Pimenton (dulce, hot, and smoked paprika)
saffron
valencia rice
Spanish oilve oils
Sherry (manzanilla, fino, amontillado) 
Sherry vinegar
bacalao

Italian:

Sun dried tomatoes
arborio rice
prosciutto

italian cheeses

french cheeses
foix gras
truffles

Turkish-greek

sucuk sausage
kayseri cheese

anchovies
achovy paste

Mexican: 
corn tortillas
flour tortilla
dried chilis (Ancho, cascabel, pasilla etc)
Epazote
pinto beans (dried or canned)
black beans

Health food:

Nutritional yeast flakes 
Marmite
Vital wheat gluten
high-gluten bread flour
whole-wheat flour
pastry flour
fresh bread yeast

Walnuts
pecans
pistachios
almonds

good quality chocolate for eating and baking (green & black, or unsweetened)
peanut butter

I'll think of more later.

Oh, I also am lactose intolerant, and need to buy lactase enzyme tablets, and also alpha- galactosidase enzyme or "Beano" type enzyme. 

Thanks! Shukran jazilan!


----------



## PoleDancer

Good question.

I'm not going to run through the list, but some pointers would be:

Alpha Markets (on the Corniche in Maadi) does a more extensive selection of foreign food than most. That's where I head for Indian and East Asian ingredients, though the Indian selection tends to be very limited (I couldn't even find garam masala). I and no doubt many other Brits would love to know of a good Indian food store.
Carrefour does some stuff. Thai curry pastes can be had there (red, green and Tom Yam, but sadly never Massaman).
Loads of Sushi restaurants here, so clearly someone is importing the ingredients, but I've never come across a Japanese produce section in any shop.
Gourmet Egypt does some bits and pieces you will struggle to find elsewhere. It has a reasonably good cheese counter.
I chanced on this Maadi foodie blog, which may contain a few pointers


----------



## txlstewart

Fruit stands in Maadi have fresh ginger. Nut man on Road 9 has walnuts. Metro on Road 9 will special order things. Miriam Market carries a lot of foreign goods. 

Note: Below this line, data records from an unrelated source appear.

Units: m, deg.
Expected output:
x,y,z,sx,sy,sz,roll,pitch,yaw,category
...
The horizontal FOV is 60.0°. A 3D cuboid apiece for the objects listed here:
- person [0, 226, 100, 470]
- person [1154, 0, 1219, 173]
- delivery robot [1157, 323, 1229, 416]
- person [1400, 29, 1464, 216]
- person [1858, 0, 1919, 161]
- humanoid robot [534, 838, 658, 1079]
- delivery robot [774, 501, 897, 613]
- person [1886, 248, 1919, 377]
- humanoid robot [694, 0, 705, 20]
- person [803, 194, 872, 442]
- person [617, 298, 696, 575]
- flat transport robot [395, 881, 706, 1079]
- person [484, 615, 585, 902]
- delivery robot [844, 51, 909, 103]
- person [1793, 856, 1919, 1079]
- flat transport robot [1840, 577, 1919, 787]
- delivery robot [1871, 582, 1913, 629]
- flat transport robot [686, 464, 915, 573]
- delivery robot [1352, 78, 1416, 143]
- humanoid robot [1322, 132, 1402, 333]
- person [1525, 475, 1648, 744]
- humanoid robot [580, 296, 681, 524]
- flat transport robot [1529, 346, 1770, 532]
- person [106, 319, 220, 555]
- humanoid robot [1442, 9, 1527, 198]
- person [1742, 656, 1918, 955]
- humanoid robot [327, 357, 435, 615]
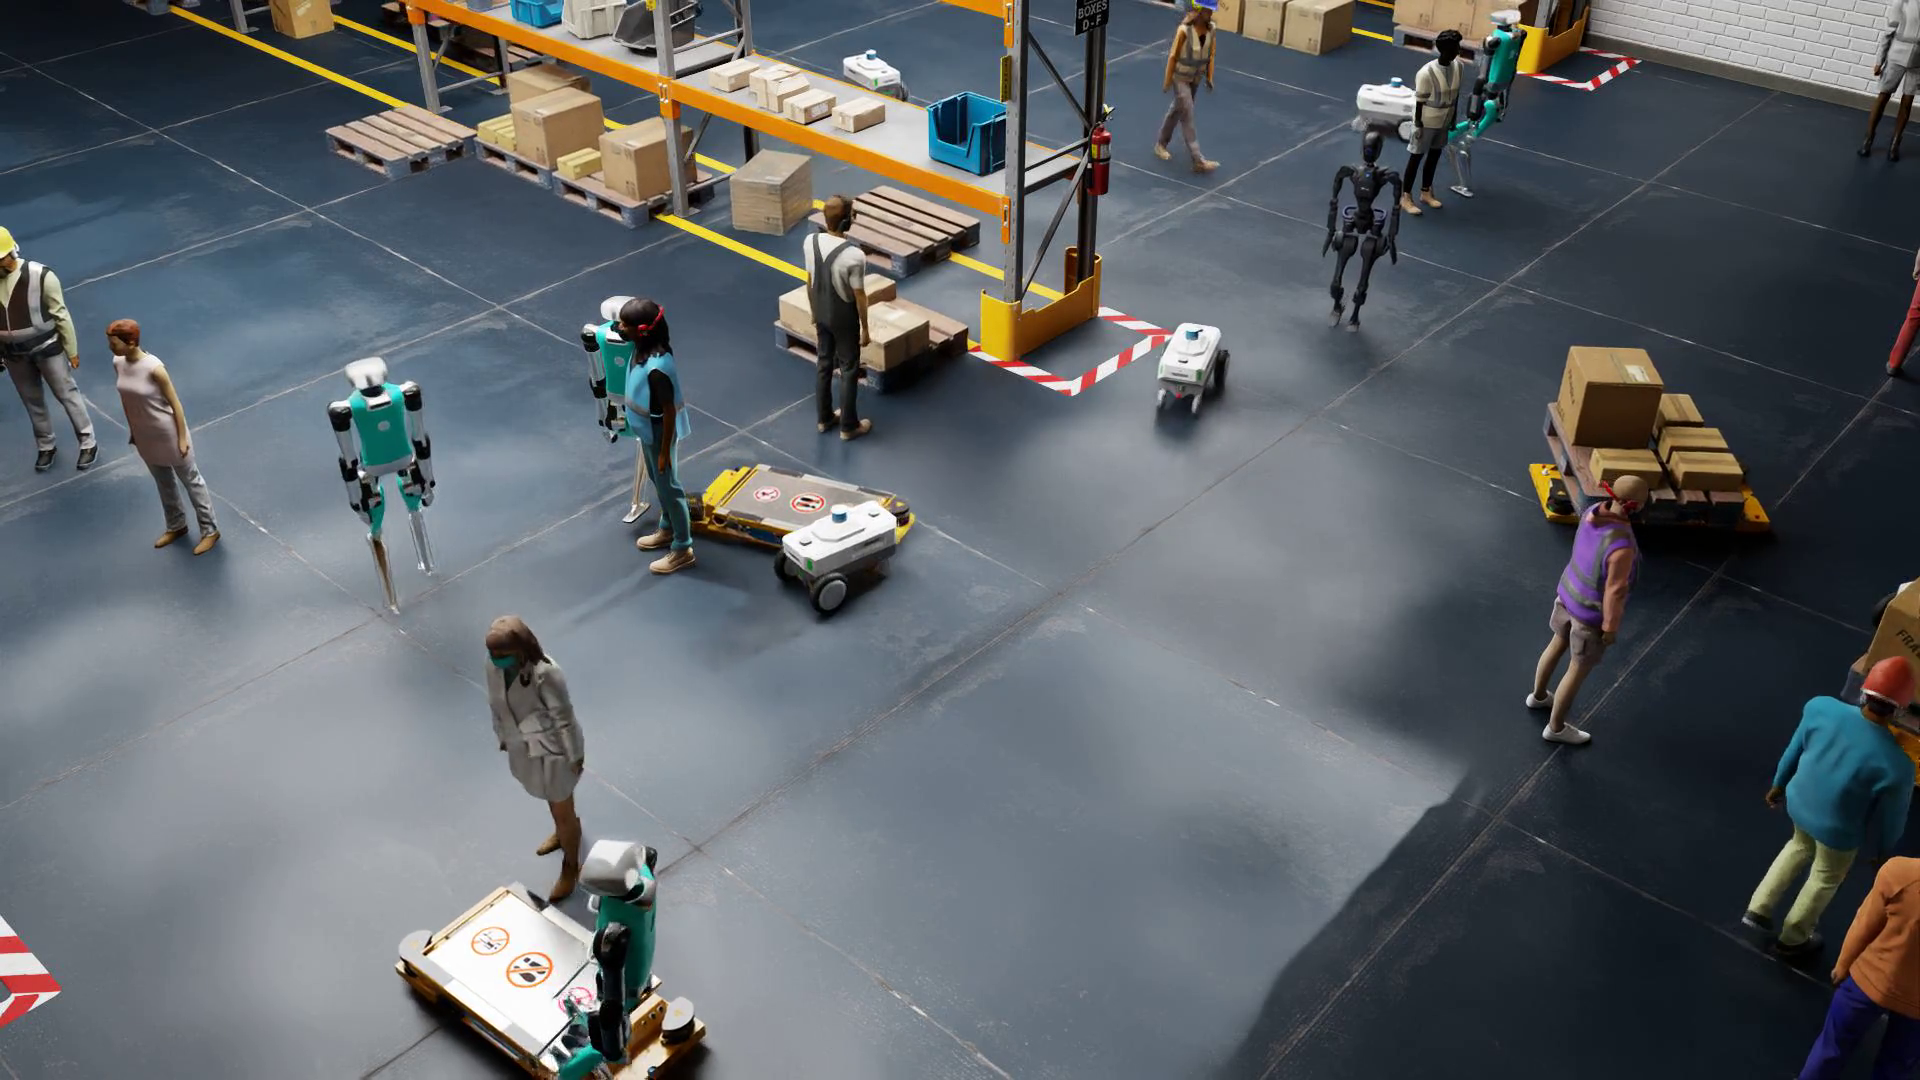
x,y,z,sx,sy,sz,roll,pitch,yaw,category
-6.331,-1.311,11.347,0.594,1.824,0.403,-2,35,-3,person
2.192,-4.399,15.891,0.482,1.721,0.861,-24,41,-31,person
1.727,-1.327,12.495,0.499,0.611,0.814,11,36,16,delivery robot
4.279,-3.781,15.034,0.534,1.692,0.319,-19,39,-26,person
9.155,-4.633,16.069,0.546,1.926,0.388,14,37,19,person
-1.504,1.902,6.785,0.676,1.823,0.559,3,35,5,humanoid robot
-0.786,0.068,10.478,0.786,0.614,0.524,-24,41,-30,delivery robot
7.389,-1.995,12.393,0.519,1.759,0.346,25,42,31,person
-3.188,-6.474,18.948,0.613,1.641,0.392,-29,44,-35,humanoid robot
-0.854,-1.544,11.673,0.510,1.838,0.339,20,39,26,person
-1.879,-0.651,10.346,0.376,1.865,0.545,-13,37,-19,person
-1.930,2.111,7.752,1.431,0.231,0.659,24,41,30,flat transport robot
-2.073,1.026,8.119,0.511,1.637,0.556,18,38,24,person
-0.930,-4.877,17.617,0.499,0.587,0.789,-21,40,-27,delivery robot
3.823,1.789,6.726,0.518,1.972,0.404,18,39,24,person
5.746,1.030,9.319,1.431,0.231,0.659,-26,42,-32,flat transport robot
5.933,0.426,9.945,0.771,0.600,0.513,-7,35,-10,delivery robot
-1.082,-0.168,11.054,1.431,0.231,0.659,13,37,18,flat transport robot
4.424,-4.384,16.925,0.811,0.613,0.499,14,37,20,delivery robot
3.156,-2.392,13.041,0.586,1.649,0.344,11,36,15,humanoid robot
3.421,0.366,9.034,0.354,1.685,0.486,-2,35,-3,person
-2.014,-0.888,10.687,0.533,1.677,0.735,7,35,9,humanoid robot
4.668,-0.336,11.297,1.431,0.231,0.659,3,35,4,flat transport robot
-5.070,-0.656,10.535,0.445,1.656,0.288,11,36,16,person
4.736,-3.992,15.377,0.544,1.883,0.656,-25,42,-31,humanoid robot
4.043,1.258,7.684,0.383,1.737,0.575,-14,37,-19,person
-3.523,-0.383,10.117,0.530,1.802,0.805,-21,40,-28,humanoid robot

Your list was so long that I only partially read it.


----------



## MaidenScotland

Hello and welcome to the forum.

Please do not add any more to your shopping list.

In Cairo you will find that a certain item can be available for months and then you know longer see it on the shelf for another year. Lots of international produce is available but whilst we enjoy food from home most of us make do and are happy with what we can buy locally. If life for you would be intolerable without the said items then Cairo is not for you.


Maiden

Sent from my iPad using ExpatForum


----------



## jemiljan

*Thanks all*

PoleDancer, I read on another blog by a woman who no longer lives in Cairo that there is a guy named Hassan who sells Indian products. The information is a bit old, so I don't know if it is still current. I'd love to hear if it is still in operation:


----------



## canuck2010

If any of those products are canned, dried, or packaged, it would probably be easiest to just bring a year supply with you when you move here. Anything can be found in Cairo, but it will most likely cost more and be difficult and time consuming to find.


----------



## jemiljan

canuck2010 said:


> If any of those products are canned, dried, or packaged, it would probably be easiest to just bring a year supply with you when you move here. Anything can be found in Cairo, but it will most likely cost more and be difficult and time consuming to find.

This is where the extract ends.